Introduction to the indexing method of Nutch integrated slor
/**
* build index
* @param solrUrl solr's web address
* @param crawlDb Crawling DB storage path: \crawl\crawldb
* @param linkDb Crawling link storage path: \crawl\linkdb
* @param segments metadata storage path: \crawl\segments
* @param noCommit whether to submit the slor server and the slor index
* @param deleteGone whether to delete outdated documents
* @param solrParams parameters of solr
* @param filter whether to enable URL filtering
* @param normalize whether to format the URL
* @throws IOException
*/
public void indexSolr(String solrUrl, Path crawlDb, Path linkDb,
List<Path> segments, boolean noCommit, boolean deleteGone, String solrParams,
boolean filter, boolean normalize) throws IOException {
...
IndexerMapReduce.initMRJob(crawlDb, linkDb, segments, job);
...
}
The indexing of Nutch is done through a MR.
The input of the map is the sequenceFile in the directory that Nutch crawled, the key is the URL that Nutch crawled, and the java generic type used by the value abstracts all the data types customized by Nutch into a NutchWritable object.
The data types contained in Nutchwritable are as follows:
CLASSES = new Class[] {
org.apache.hadoop.io.NullWritable.class,
org.apache.hadoop.io.BooleanWritable.class,
org.apache.hadoop.io.LongWritable.class,
org.apache.hadoop.io.BytesWritable.class,
org.apache.hadoop.io.FloatWritable.class,
org.apache.hadoop.io.IntWritable.class,
org.apache.hadoop.io.MapWritable.class,
org.apache.hadoop.io.Text.class,
org.apache.hadoop.io.MD5Hash.class,
org.apache.nutch.crawl.CrawlDatum.class,
org.apache.nutch.crawl.Inlink.class,
org.apache.nutch.crawl.Inlinks.class,
org.apache.nutch.fetcher.FetcherOutput.class,
org.apache.nutch.metadata.Metadata.class,
org.apache.nutch.parse.Outlink.class,
org.apache.nutch.parse.ParseText.class,
org.apache.nutch.parse.ParseData.class,
org.apache.nutch.parse.ParseImpl.class,
org.apache.nutch.parse.ParseStatus.class,
org.apache.nutch.protocol.Content.class,
org.apache.nutch.protocol.ProtocolStatus.class,
org.apache.nutch.scoring.webgraph.LinkDatum.class,
};
These data types abstract the data types of Nutch at various stages of crawling.

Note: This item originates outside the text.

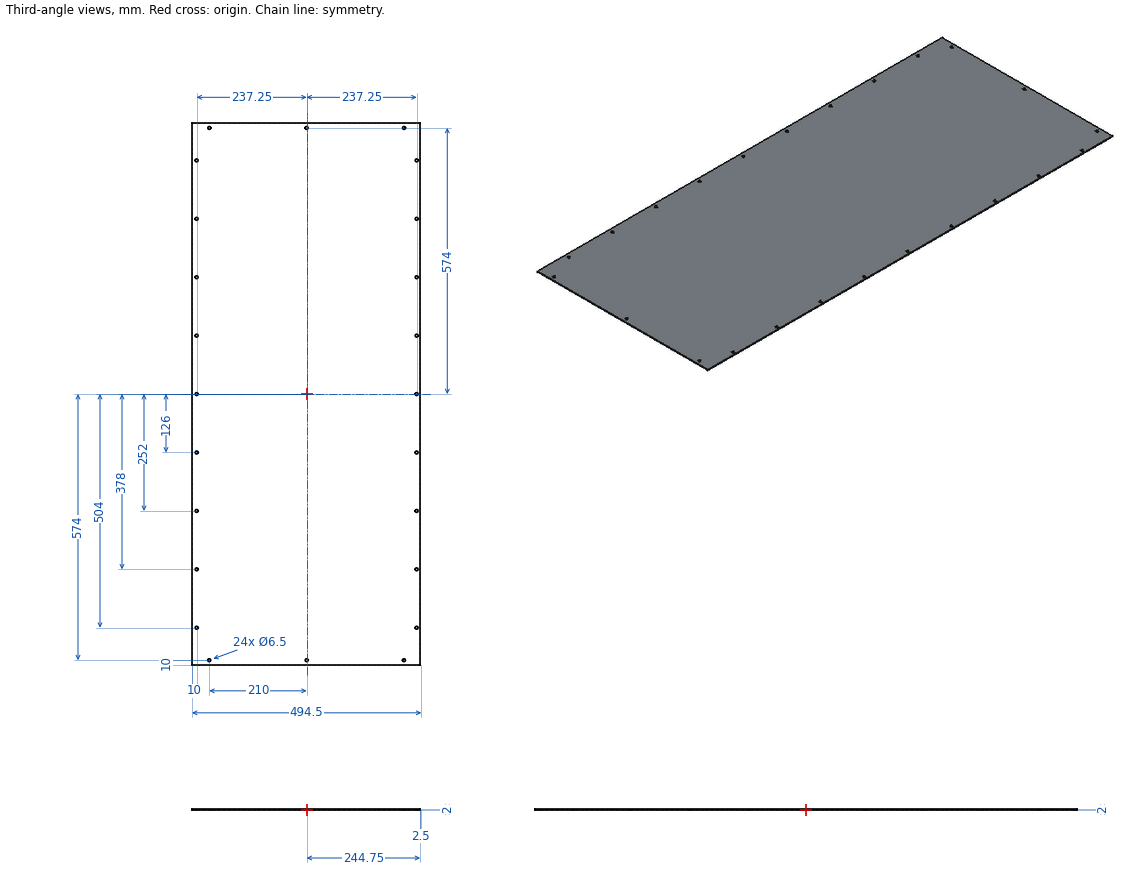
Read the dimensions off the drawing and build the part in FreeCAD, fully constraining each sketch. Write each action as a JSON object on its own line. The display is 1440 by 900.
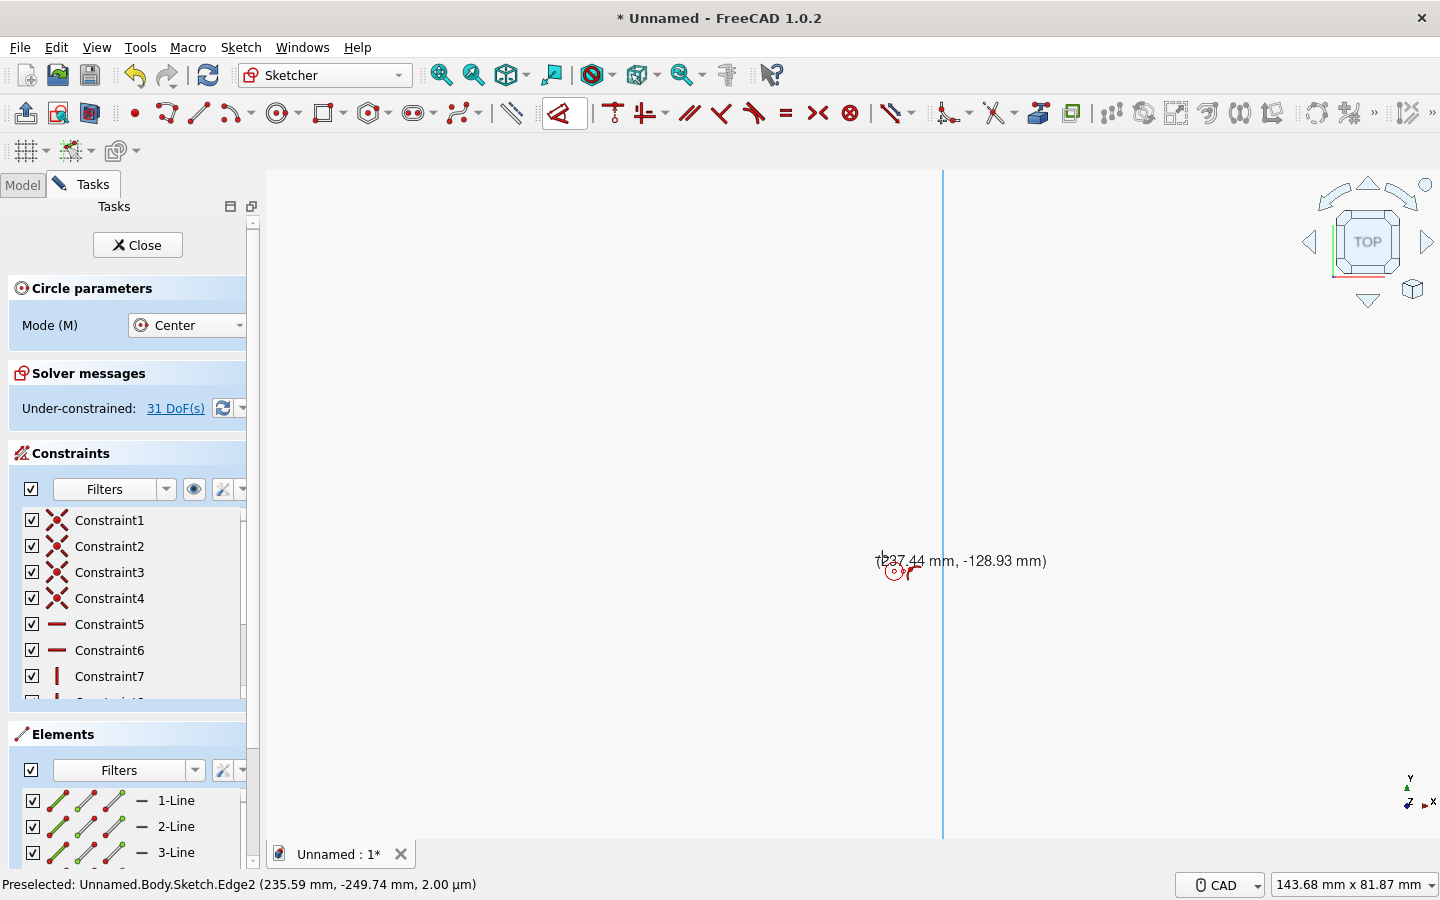
{"action": "scroll", "coordinate": [882, 556], "scroll_direction": "down", "scroll_amount": 15}

The map stage does not process the value, but only the URL. The processing code is as follows:
String urlString = filterUrl(normalizeUrl(key.toString()));
The call is to filter and format the URL according to the defined filtering rules. Of course, whether to perform this step can be set by the parameters when calling the command.

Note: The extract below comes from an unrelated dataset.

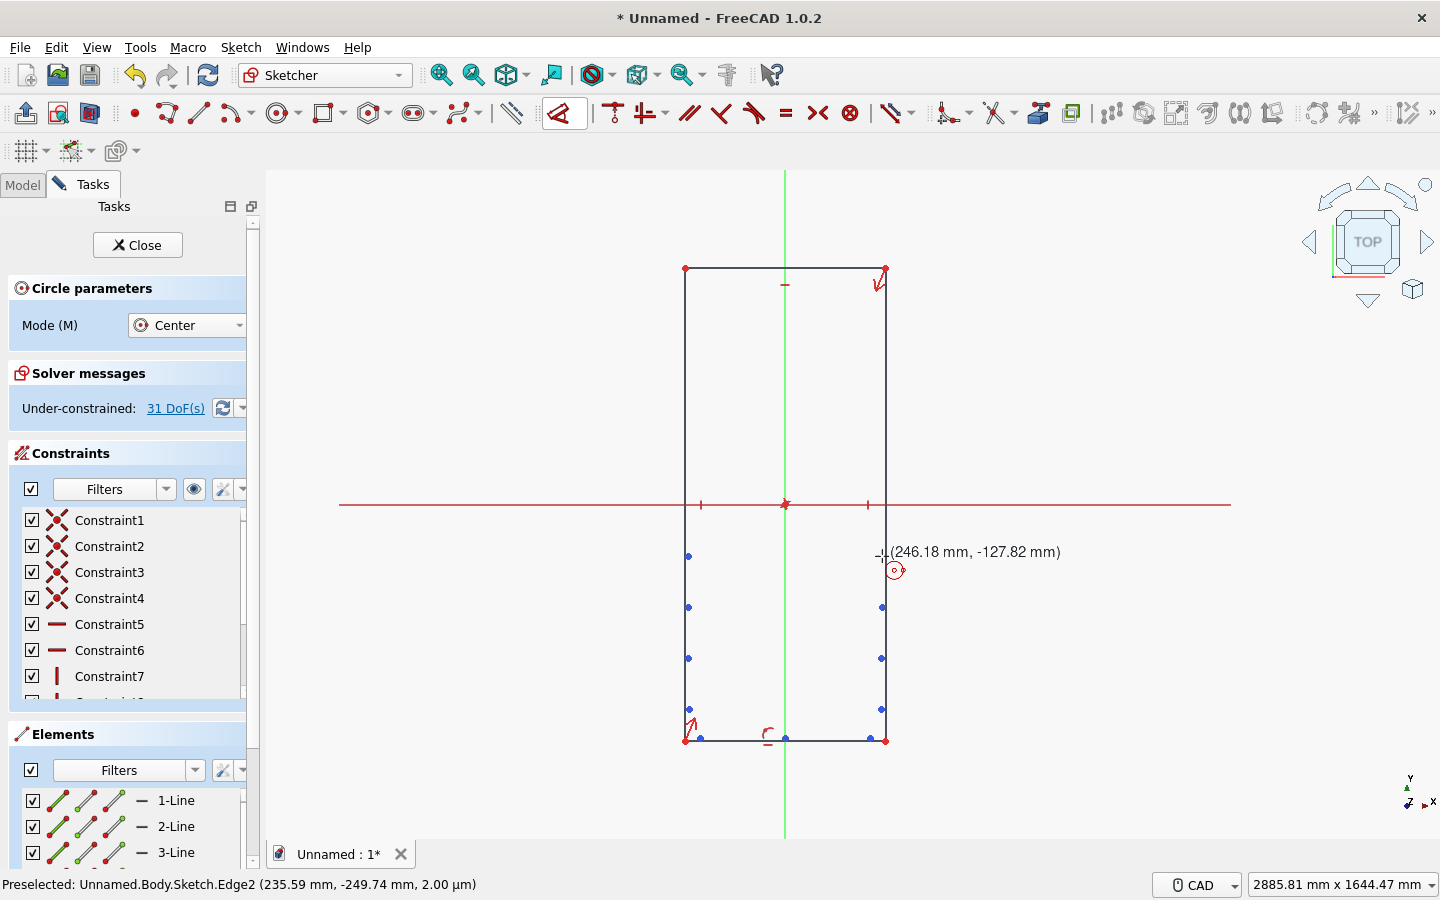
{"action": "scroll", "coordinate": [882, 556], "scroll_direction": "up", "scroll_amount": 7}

reduce is to process all crawled data, the code comments are as follows:
/**
* Output format: url as key, indexed action as value
*/
public void reduce(Text key, Iterator<NutchWritable> values,
OutputCollector<Text, NutchIndexAction> output, Reporter reporter)
throws IOException {
Inlinks inlinks = null;
CrawlDatum dbDatum = null;
CrawlDatum fetchDatum = null;
ParseData parseData = null;
ParseText parseText = null;
while (values.hasNext()) {
final Writable value = values.next().get(); // unwrap
//If it is the data type of URL injection
if (value instanceof Inlinks) {
inlinks = (Inlinks)value;
//If it is a crawled data type
} else if (value instanceof CrawlDatum) {
final CrawlDatum datum = (CrawlDatum)value;
//If the current data is in db injection state
if (CrawlDatum.hasDbStatus(datum)) {
dbDate = date;
}
//If the current data is in the crawling completion state.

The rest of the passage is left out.